-- EXERCISE PROMPT --
Everything in the records must appear again exactly, except the images.

-- SUPPLIED DATA --
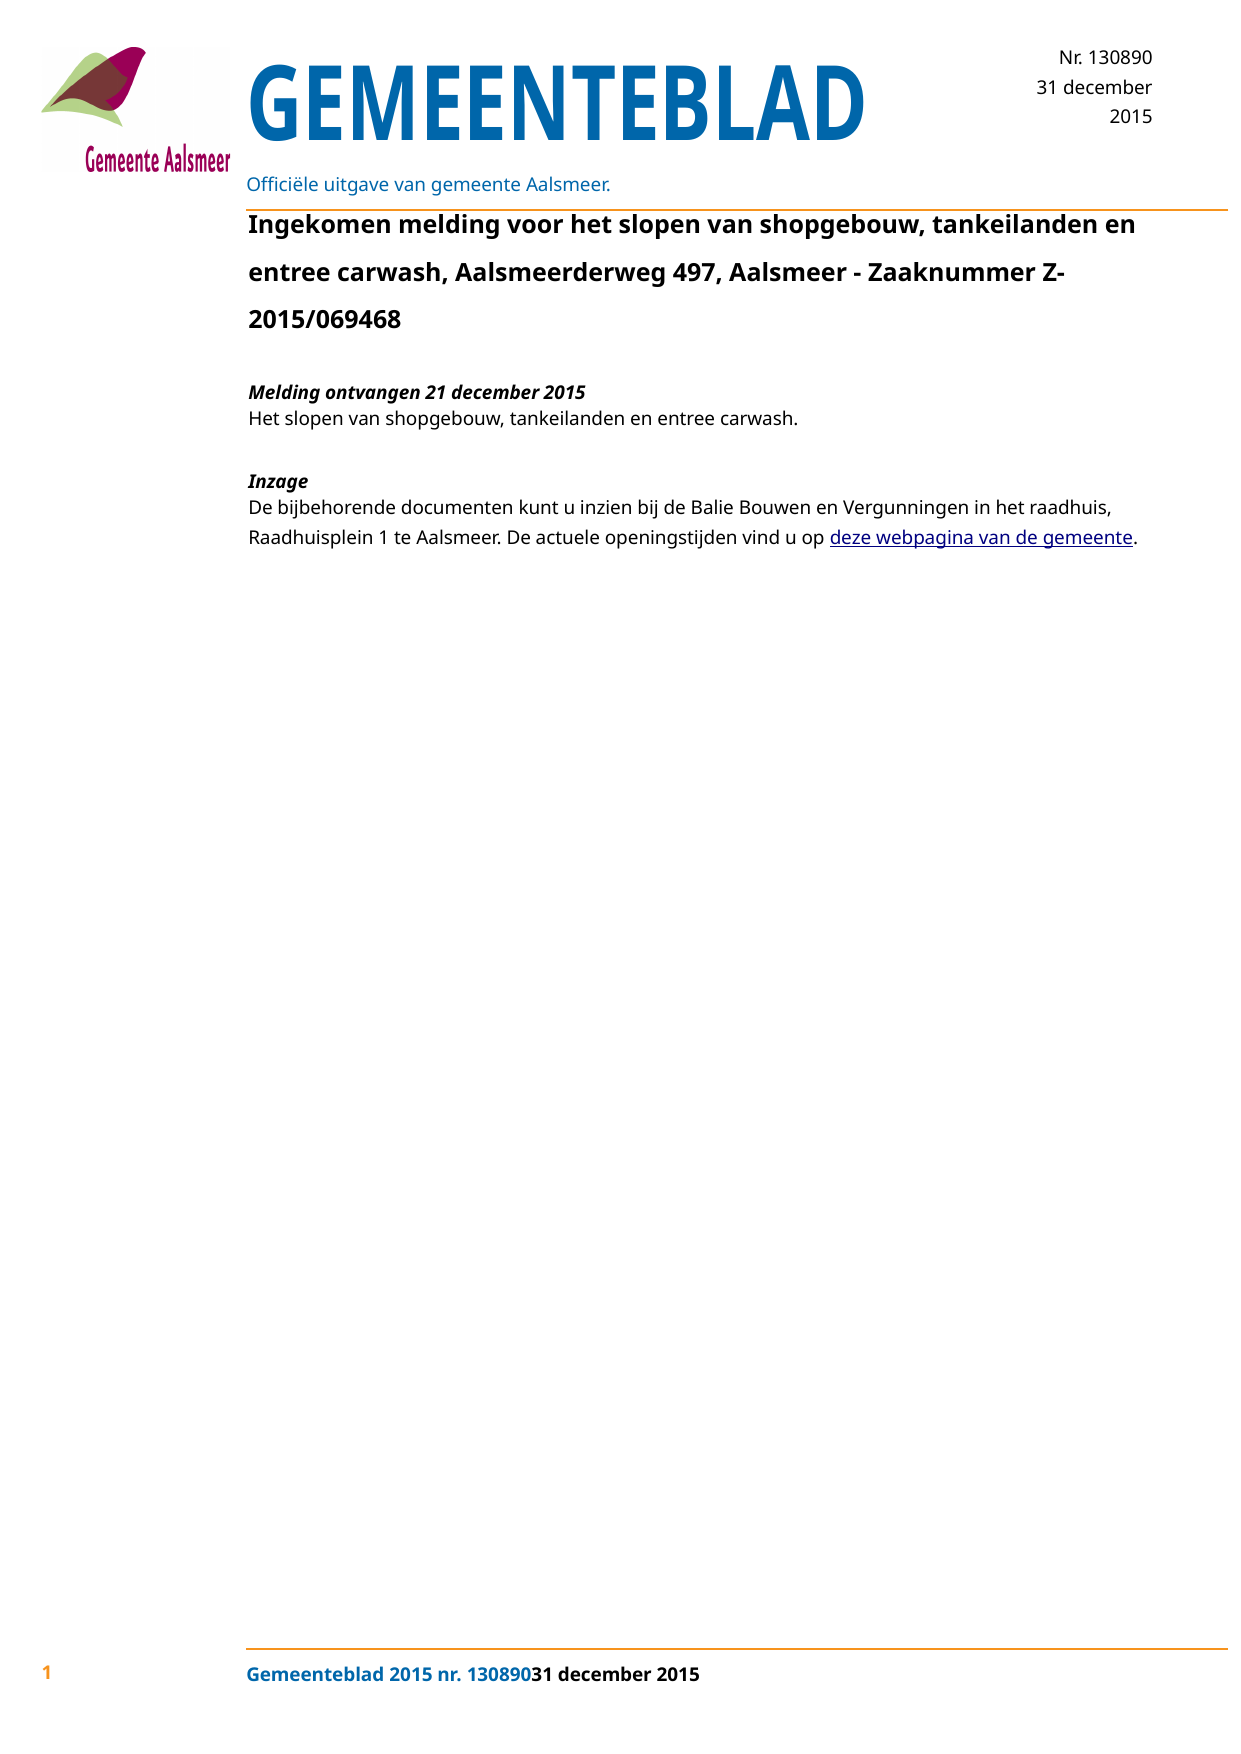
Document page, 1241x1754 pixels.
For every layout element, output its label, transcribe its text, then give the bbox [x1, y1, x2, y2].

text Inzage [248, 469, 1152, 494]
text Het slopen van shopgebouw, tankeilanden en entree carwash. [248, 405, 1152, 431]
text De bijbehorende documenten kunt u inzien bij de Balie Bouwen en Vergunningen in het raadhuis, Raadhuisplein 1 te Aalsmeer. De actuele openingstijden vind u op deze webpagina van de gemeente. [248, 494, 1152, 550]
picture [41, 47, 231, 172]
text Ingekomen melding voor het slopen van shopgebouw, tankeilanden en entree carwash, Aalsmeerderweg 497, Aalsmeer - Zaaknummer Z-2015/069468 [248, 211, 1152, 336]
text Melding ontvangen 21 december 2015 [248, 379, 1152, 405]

-- EXERCISE ANSWER --
Document page, 1241x1754 pixels.
For every layout element, output its label, transcribe its text, then give the bbox [x1, y1, x2, y2].

text Inzage [248, 469, 1152, 494]
text Het slopen van shopgebouw, tankeilanden en entree carwash. [248, 405, 1152, 431]
text De bijbehorende documenten kunt u inzien bij de Balie Bouwen en Vergunningen in het raadhuis, Raadhuisplein 1 te Aalsmeer. De actuele openingstijden vind u op deze webpagina van de gemeente. [248, 494, 1152, 550]
picture [41, 47, 231, 172]
text Ingekomen melding voor het slopen van shopgebouw, tankeilanden en entree carwash, Aalsmeerderweg 497, Aalsmeer - Zaaknummer Z-2015/069468 [248, 211, 1152, 336]
text Melding ontvangen 21 december 2015 [248, 379, 1152, 405]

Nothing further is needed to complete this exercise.